L’histoire est inspirée d'un scénario de Sólveig Anspach (cinéaste, auteur de Lulu femme nue et de L’effet aquatique) qui rêvait de le mettre en scène, elle mourut d’un cancer avant. La maladie (Pierre est oncologue dans un hôpital), la mort sont ici très présentes. Alors qu’on s’extasie aujourd’hui sur la jeunesse triomphante, voir un couple inattendu, mais radieux, de 45/70 ans, fait plaisir à voir. La bande sonore (Chopin, Bach, entre autres) est formidable et la musique ponctue amoureusement, si j’ose dire, ce film d’amour aussi surprenant que merveilleux et douloureux.
La veille, j’avais vu Vous ne désirez que moi, de Claire Simon (tiens, une autre femme cinéaste), d’après les entretiens que Yann Andrea (dernier compagnon de Marguerite Duras) avait eus avec la journaliste Michèle Manceaux en 1982 et qui ont été publiés sous le titre Je voudrais parler de Duras. Là, c’est donc une histoire vraie, plus extraordinaire encore : trente-huit ans d’écart entre le jeune homme et la vieille écrivaine, âgée de près de près de soixante-dix ans quand ils commencent à vivre ensemble.

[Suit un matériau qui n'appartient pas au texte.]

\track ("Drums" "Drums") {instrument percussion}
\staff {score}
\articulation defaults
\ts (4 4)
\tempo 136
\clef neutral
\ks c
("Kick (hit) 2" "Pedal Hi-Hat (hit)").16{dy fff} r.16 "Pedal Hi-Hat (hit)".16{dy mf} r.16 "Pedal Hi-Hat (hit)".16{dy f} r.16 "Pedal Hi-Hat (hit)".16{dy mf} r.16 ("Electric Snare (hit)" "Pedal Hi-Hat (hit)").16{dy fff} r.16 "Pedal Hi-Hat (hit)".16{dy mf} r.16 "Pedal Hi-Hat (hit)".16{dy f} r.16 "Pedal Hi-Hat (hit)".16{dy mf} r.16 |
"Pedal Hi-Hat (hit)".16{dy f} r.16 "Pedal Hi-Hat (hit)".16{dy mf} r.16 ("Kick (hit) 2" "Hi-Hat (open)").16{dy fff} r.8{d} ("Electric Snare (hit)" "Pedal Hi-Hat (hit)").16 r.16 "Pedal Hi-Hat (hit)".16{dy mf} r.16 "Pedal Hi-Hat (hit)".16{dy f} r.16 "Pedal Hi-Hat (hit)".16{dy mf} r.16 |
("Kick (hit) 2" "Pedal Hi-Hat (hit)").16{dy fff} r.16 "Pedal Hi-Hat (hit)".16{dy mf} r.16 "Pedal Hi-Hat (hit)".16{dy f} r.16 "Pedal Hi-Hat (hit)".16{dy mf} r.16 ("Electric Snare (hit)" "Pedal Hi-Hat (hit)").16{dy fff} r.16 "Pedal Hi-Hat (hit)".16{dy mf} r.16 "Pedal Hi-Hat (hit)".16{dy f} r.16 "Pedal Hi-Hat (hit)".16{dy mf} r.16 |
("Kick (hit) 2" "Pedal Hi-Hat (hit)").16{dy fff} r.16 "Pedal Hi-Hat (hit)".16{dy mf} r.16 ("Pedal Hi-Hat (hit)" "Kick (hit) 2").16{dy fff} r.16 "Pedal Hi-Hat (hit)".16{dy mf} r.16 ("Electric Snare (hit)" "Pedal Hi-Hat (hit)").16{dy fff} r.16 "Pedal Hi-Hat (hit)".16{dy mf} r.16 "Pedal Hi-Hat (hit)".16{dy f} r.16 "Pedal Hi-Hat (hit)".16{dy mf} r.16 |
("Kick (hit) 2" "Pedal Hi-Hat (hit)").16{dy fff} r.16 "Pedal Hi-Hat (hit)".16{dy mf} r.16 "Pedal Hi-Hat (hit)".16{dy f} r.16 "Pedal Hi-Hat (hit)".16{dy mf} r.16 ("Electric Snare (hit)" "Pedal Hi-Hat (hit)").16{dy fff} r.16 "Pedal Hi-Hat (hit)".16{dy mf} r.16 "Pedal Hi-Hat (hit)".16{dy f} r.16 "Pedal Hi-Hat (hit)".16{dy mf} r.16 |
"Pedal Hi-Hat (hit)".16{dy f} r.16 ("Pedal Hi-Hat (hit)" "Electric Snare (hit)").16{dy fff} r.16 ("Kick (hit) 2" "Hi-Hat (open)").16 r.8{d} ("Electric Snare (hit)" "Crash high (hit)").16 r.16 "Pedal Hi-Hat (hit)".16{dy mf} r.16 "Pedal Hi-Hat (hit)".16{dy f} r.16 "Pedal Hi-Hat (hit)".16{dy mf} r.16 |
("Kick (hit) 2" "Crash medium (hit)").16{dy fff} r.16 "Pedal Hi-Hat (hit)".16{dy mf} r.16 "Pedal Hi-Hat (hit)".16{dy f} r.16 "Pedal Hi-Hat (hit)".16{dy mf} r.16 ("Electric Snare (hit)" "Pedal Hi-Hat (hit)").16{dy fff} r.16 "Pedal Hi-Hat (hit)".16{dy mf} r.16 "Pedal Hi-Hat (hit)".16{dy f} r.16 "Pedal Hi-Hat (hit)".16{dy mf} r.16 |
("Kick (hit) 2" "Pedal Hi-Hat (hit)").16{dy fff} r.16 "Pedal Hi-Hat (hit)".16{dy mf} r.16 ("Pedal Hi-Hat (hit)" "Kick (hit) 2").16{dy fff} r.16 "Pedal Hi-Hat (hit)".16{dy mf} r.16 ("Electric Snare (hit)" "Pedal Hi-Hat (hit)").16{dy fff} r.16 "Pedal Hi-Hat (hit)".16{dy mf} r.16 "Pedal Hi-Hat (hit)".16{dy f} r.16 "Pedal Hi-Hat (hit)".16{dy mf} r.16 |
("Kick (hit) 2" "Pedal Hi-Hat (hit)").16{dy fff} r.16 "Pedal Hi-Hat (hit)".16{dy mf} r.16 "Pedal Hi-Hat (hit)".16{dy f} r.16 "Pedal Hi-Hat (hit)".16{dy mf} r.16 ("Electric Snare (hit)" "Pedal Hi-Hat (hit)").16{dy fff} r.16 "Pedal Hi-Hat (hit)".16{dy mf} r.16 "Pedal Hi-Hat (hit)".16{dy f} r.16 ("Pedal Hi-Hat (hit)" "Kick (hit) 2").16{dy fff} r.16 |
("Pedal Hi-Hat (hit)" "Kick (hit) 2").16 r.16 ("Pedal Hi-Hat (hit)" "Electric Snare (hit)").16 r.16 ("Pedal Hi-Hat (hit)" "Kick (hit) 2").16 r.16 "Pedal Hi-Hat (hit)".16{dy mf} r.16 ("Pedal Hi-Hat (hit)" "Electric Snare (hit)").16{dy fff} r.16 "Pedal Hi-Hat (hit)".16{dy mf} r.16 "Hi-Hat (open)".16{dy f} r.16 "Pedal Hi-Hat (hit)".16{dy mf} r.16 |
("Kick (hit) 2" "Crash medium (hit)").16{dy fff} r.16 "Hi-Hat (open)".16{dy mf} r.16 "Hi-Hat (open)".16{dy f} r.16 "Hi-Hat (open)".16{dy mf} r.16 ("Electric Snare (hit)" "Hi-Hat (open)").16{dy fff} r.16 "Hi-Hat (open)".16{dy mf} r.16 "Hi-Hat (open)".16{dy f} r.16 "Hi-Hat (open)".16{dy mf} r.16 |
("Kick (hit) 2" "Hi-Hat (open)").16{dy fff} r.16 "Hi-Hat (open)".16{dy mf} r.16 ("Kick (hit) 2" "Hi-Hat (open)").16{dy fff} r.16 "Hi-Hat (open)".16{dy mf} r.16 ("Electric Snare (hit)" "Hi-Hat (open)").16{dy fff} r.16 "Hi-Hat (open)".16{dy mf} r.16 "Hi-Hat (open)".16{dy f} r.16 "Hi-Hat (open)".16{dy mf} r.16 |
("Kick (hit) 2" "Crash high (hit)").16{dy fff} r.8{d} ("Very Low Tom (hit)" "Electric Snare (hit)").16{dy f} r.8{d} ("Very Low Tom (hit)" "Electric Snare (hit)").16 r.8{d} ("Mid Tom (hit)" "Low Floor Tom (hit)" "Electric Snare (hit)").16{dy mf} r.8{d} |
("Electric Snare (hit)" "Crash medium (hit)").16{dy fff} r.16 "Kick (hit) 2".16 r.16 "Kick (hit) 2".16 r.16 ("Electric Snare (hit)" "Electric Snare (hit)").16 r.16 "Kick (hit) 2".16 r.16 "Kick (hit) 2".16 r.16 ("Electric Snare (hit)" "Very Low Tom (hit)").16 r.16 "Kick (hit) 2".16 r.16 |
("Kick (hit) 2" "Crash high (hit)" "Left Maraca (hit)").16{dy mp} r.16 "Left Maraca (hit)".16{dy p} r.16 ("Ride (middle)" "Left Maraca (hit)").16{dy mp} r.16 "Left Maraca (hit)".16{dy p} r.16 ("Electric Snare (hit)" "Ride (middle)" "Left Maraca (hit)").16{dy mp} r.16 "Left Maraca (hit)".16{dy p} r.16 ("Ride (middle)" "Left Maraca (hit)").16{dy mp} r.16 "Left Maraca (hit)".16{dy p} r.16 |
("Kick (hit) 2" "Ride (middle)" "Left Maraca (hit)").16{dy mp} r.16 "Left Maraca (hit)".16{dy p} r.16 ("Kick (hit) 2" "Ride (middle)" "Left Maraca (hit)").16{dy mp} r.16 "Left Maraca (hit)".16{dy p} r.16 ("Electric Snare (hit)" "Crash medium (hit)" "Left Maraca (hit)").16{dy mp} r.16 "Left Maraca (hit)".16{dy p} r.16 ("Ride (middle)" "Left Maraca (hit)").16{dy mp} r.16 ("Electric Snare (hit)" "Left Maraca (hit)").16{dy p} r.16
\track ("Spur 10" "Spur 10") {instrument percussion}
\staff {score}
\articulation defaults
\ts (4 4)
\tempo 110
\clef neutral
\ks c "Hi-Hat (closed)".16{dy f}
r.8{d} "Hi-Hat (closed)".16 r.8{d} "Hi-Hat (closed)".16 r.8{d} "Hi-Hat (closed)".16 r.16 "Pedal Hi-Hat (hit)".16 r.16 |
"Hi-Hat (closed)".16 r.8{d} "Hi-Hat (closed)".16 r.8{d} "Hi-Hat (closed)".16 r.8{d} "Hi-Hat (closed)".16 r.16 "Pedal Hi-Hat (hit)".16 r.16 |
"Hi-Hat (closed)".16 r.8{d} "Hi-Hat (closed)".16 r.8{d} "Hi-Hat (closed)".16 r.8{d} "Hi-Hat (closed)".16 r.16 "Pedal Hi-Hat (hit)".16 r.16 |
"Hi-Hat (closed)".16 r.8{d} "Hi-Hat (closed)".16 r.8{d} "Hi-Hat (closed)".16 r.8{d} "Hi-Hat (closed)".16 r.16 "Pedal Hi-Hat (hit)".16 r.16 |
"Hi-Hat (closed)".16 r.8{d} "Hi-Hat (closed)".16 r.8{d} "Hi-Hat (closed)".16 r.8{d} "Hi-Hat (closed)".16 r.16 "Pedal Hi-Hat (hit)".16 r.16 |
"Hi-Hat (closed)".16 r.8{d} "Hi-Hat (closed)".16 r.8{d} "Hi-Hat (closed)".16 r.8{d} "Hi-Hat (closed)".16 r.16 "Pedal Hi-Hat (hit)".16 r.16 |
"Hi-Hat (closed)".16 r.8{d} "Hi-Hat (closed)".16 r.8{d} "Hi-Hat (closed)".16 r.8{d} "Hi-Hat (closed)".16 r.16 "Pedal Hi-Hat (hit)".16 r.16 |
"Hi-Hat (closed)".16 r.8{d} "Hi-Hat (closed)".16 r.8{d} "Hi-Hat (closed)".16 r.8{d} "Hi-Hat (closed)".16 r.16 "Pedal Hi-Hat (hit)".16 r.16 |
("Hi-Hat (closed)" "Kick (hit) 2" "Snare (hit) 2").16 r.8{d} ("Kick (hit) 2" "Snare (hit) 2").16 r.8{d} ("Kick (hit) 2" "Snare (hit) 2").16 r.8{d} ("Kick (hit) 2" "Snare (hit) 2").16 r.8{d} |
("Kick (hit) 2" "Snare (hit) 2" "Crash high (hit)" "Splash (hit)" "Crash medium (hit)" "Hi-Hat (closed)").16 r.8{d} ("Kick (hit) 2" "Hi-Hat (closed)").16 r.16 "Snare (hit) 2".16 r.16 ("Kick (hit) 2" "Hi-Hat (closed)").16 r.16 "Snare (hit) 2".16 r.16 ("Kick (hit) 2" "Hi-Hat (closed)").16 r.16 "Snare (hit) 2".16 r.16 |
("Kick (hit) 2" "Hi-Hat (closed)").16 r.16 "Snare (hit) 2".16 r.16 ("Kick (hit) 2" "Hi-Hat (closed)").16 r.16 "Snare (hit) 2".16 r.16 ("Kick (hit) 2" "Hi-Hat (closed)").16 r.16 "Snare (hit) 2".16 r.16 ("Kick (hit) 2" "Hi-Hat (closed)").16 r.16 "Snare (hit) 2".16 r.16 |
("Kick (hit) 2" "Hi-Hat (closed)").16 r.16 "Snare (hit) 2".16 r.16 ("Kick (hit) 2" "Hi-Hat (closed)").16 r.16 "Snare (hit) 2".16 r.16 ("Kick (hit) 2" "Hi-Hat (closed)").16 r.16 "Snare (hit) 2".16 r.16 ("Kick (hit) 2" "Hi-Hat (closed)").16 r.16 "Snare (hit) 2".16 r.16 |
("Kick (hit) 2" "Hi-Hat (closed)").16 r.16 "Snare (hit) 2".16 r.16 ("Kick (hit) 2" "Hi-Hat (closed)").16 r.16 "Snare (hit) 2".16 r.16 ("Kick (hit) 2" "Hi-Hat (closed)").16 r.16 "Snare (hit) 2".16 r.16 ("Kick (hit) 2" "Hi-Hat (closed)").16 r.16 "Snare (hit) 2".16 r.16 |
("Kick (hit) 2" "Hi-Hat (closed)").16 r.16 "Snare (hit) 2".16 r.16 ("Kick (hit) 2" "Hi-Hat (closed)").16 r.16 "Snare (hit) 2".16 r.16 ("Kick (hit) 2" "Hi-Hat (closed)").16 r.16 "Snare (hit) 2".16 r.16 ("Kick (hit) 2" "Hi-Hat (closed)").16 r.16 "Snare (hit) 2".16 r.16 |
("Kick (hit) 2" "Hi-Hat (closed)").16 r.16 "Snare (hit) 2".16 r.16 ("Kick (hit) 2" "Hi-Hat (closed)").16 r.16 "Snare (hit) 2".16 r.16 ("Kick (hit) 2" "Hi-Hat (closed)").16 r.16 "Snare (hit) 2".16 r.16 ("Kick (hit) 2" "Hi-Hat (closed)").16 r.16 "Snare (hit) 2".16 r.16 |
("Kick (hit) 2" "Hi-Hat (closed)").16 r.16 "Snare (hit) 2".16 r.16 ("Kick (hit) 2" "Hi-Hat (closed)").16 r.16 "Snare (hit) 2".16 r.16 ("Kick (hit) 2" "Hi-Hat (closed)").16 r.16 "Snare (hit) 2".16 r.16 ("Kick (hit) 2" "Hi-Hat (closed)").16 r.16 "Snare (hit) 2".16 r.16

Donc le film est constitué par l’interview de Yann (l’extraordinaire Swann Arlaud) par Michèle (Emmanuelle Devos, tout aussi lumineuse) dans la maison de Duras. Marguerite n’apparaît pas dans le film, mais on sait sa présence au rez-de-chaussée. On ne voit Duras que dans des archives, aucune actrice ne joue son rôle. C’est surtout Yann qui parle et dresse finalement le portrait de Duras, de leur couple, de leur passion amoureuse, tels qu'il les voit. La journaliste n’intervient que pour le pousser dans ses retranchements. Même s’il a eu quelques aventures féminines, il sait qu’il est profondément homosexuel et ne l’a pas caché à Marguerite dont il connaît et a lu tous les livres, vu les films (en particulier India song, dont quelques plans, ainsi que la musique obsédante parsèment le film) et à qui il a écrit pendant huit ans, avant qu’elle le convie à venir la trouver à Trouville-sur-mer, où elle passe l’été à l’hôtel. Bien sûr, elle l’impressionne, mais il est subjugué, même si l’amour est inégal : c’est une passion, mais Duras est en position dominante et peu à peu, elle le soumet à tous ses désirs, en toutes les matières : nourriture, habillement, sexualité, écriture. Ce qui fait qu’il est partagé entre l’admiration amoureuse qu’il a pour elle et l’envie de fuir. Car il est obligé de renoncer à être lui-même. Pourtant il resta auprès d’elle jusqu’à sa mort (quatorze ans plus tard), car elle ne peut se passer de lui, dans une relation fusionnelle abolissant toutes les conventions normatives.
Ponctué de dessins d’ébats sexuels, d’extraits de films (dont un film de Lelouch avec Annie Girardot vieillissante) et d’archives (entretiens ou émissions de télé où Marguerite Duras apparaît), le film est aussi un hommage à la liberté d’aimer envers et contre tout. Les deux comédiens, Emmanuelle Devos et Swann Arlaud, sont extraordinaires. La caméra saisit parfois la détresse du regard de Yann, capte la pensée de Michèle, qui donne l’impression que c’est avec l’œil qu’elle l'écoute. La dévotion de Yann pour Marguerite transparaît dans toute sa splendeur. Bien évidemment, Vous ne désirez que moi, plus difficile à suivre que Les jeunes amants, plus littéraire aussi, bien qu’étant une œuvre lumineusement réussie, séduira avant tout les admirateurs inconditionnels de Marguerite Duras, dont je suis. J’en suis sorti foudroyé.